Si usted es el presidente de una empresa que se niega a tener un blog o que su empresa utilice Facebook y otras redes sociales como parte de su estrategia de comunicaciones externas, usted está muy equivocado.
Déjeme explicarle por qué.
El pasado 11 de agosto, John Mackey, el CEO de Whole Foods, una cadena internacional de supermercados de productos orgánicos, escribió una columna en Wall Street Journal en la que apoyaba la idea de reformar el sistema de salud de Estados Unidos, aunque difería con el plan de la Administración Obama.
Mackey envió su columna con el título 'Reforma a la salud', pero esta salió publicada con el titular 'La alternativa de Whole Foods al plan de salud de Obama'.
De inmediato, miles de clientes de la cadena montaron en cólera, molestos por la supuesta oposición de Whole Foods al proyecto de ley de Obama. Indignados, iniciaron un boicot por Internet, que rápidamente se propagó como pólvora. Se armaron de tres poderosas armas, Facebook, Twitter y Flickr; crearon el blog WholeBoycott.com e inundaron con comentarios los sitios del Journal, New York Times y otros medios nacionales que cubrieron la historia. "Yo no vuelvo a Whole Foods", escribió el ciudadano Steve Kratzer, uno de los 587 comentarios registrados bajo la columna de Mackey en el Journal.
En síntesis, Mackey había creado con su columna una crisis de imagen que de no contener a tiempo podría poner en serios problemas a Whole Foods, cuyas ventas han caído en los tres últimos trimestres como producto de la recesión.
¿Cómo hace una compañía para manejar una crisis como esta?
Exactamente como lo hizo Whole Foods: respondiendo con la misma medicina de sus críticos.

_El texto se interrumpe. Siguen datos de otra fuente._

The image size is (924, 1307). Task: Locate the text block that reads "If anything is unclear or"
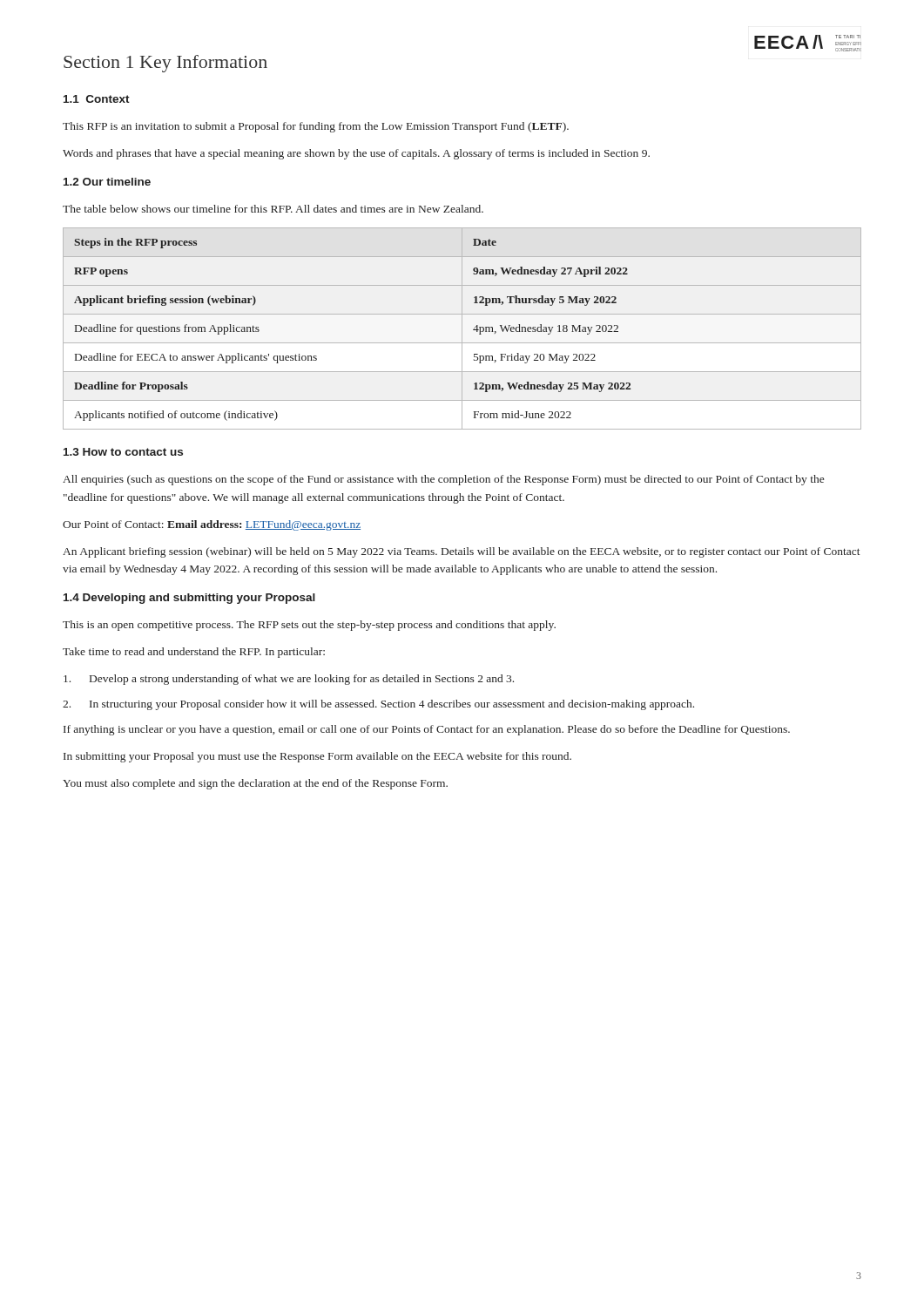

El 14 de agosto, Mackey publicó una entrada en su blog en la página oficial WholeFoodsMarket.com en la que explicó que había opinado a nombre propio y no de la empresa, y aclaró el infortunado incidente del cambio del titular. Su escrito recibió 2.755 comentarios, en buena parte apoyándolo. Por fortuna, Mackey lleva escribiendo el blog desde el 2005, lo que le permitió conectar más fácilmente con sus lectores.
Whole Foods también buscó nuevos aliados en las principales redes sociales, aumentando sus seguidores de manera exponencial. El martes, Whole Foods había llegado a 123.150 fans en Facebook (contra 28.042 de sus boicoteadores) y más de 1.2 millones de seguidores en Twitter (contra 537 de sus opositores).
A este ritmo pareciera que Whole Foods ha logrado contener la crisis, aunque esta historia todavía no ha terminado.
Las comunicaciones cambiaron para siempre. Toda empresa e institución necesita hacer uso de las tecnologías Web 2.0 y de las comunidades en línea para triunfar.
Los CEO o altos ejecutivos de las compañías necesitan tener sus blogs, como lo hacen los CEO Tony Hsieh, de Zappos, y Jonathan Schwartz, de Sun Microsystems. Y si los presidentes se niegan a bloguear, la compañía debe al menos tener un blog corporativo que pueda difundir utilizando las redes sociales.
Es mejor ser aliado de la tecnología, no pelear contra ella.